Haute Cour Constitutionnelle : Le vote prépondérant du président a sauvé le régime
Les 4 Hauts Conseillers qui auraient voté pour seraient ceux-là même qui font actuellement l’objet d’une demande d’ordre de poursuite initiée par la procureure de la République près le Tribunal de première instance d’Antananarivo.
4 voix « pour » et 4 voix « contre »
Tel aurait été le résultat du vote en vue de la destitution, ou non, du Président de la Refondation de la République de Madagascar par la Haute Cour Constitutionnelle. Selon une source proche d’Ambohidahy, les supplices portés actuellement à l’encontre de quelques membres de cette Institution trouvent leur origine dans la prise de décision relative à la requête déposée par le député d’Arivonimamo, Antoine Rajerison, aux fins de destitution de l’actuel Chef d’État pour défaillance manifeste. Les 4 Hauts Conseillers qui auraient voté pour seraient ceux-là même qui font actuellement l’objet d’une demande d’ordre de poursuite initiée par la procureure de la République près le Tribunal de première instance d’Antananarivo, Narindra Navalona Rakotoniaina. Une correspondance y afférente a fuité et circule depuis samedi sur les réseaux sociaux. La procureure près le TPI de Tana demande ainsi le feu vert de la ministre de la Justice, Fanirisoa Ernaivo, afin d’engager une poursuite judiciaire contre quatre membres de la Haute Cour Constitutionnelle, à savoir Noelson William, Rojoniaina Ranaivoson, Georges Merlin Rasolo Nandrasana et Raverohanitrambolatianiony Antonia. Ces 4 Hauts Conseillers auraient validé la révocation de l’Autorité militaire qui dirige le pays depuis le 14 octobre, dont fait partie le Président de la Refondation, le colonel Michaël Randrianirina. Ce serait le vote du président de la HCC, Florent Rakotoarisoa, qui aurait fait basculer le résultat et, par conséquent, sauvé le régime de refondation. La loi organique sur la Haute Cour Constitutionnelle prévoit, en effet, que le vote du président de la Cour est prépondérant en cas d’égalité des voix entre les membres.
Gardes du corps
La question est aussi de savoir qui va témoigner à charge contre les 4 Hauts Conseillers susceptibles d’être poursuivis pour complot en vue de déstabilisation ?
L’apparition d’un témoignage sur le fait qu’ils auraient voté pour la révocation de l’Autorité militaire à la tête du pays serait un aveu implicite de violation du secret des délibérations, un principe fondamental en droit.
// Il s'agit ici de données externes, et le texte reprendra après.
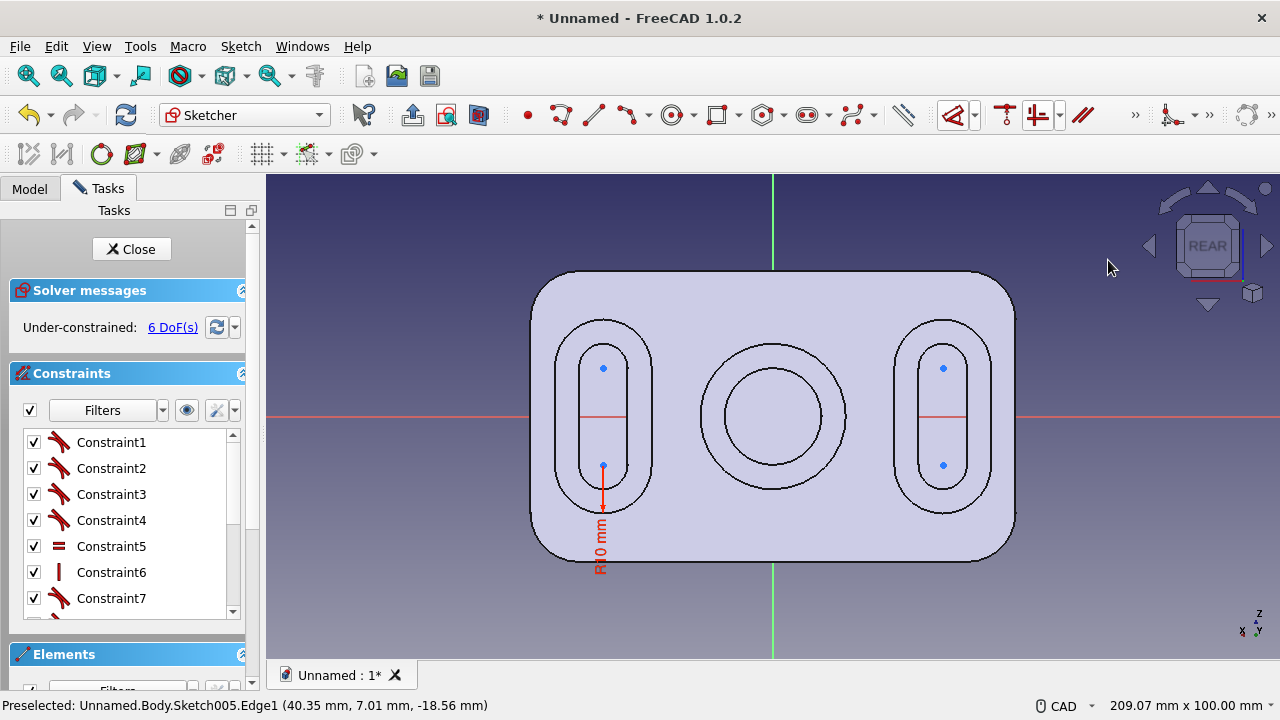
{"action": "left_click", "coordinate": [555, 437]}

Des questions se posent alors sur l’identité du ou des juges constitutionnels qui auraient fait fuiter les détails d’une délibération censée être confidentielle. Notons qu’en plus de la demande d’ordre de poursuite, les 4 membres de la HCC visés sont aussi frappés d’une Interdiction de sortie du territoire (IST). And last but not least, leurs gardes du corps auraient, selon nos sources, été retirés juste après l’officialisation de cette demande de poursuite judiciaire lancée à leur encontre. Autant de rebondissements qui démontrent l’existence d’une grave crise institutionnelle à Ambohidahy. Pour le moment, le Conseil supérieur de la magistrature (CSM) ne s’est pas prononcé par rapport à cette affaire. Pourtant, la loi organique relative à cette structure stipule que le CSM est chargé de la gestion des carrières des magistrats. Silence assourdissant également de la part du Syndicat des magistrats de Madagascar.
Complot en vue d’une déstabilisation
Accusés d’être impliqués dans un complot en vue d’une déstabilisation, les 4 Hauts Conseillers encourent des sanctions graves qui pourraient aller jusqu’à une peine d’emprisonnement. À l’heure où nous mettons cet article sous presse, aucun d’entre eux n’a encore fait l’objet d’une arrestation. Leur sort est donc désormais entre les mains de la Garde des Sceaux, Fanirisoa Ernaivo, qui était en mission en Russie lorsque la procédure a été déclenchée. En tout cas, cette nouvelle crise va fragiliser davantage la juridiction constitutionnelle, dont la crédibilité est déjà remise en cause par plusieurs forces vives de la Nation et dont la dissolution est réclamée par de nombreux acteurs, dont les jeunes militants de la Gen Z qui avaient initié le mouvement ayant abouti à la mise en place du régime actuel. Après de nombreuses tentatives poussant à la démission et/ou au remplacement de certains membres de la HCC, force est de constater que le régime cherche à restructurer, par tous les moyens, cette Institution constitutionnelle qui jouera des rôles cruciaux lors des prochaines échéances électorales.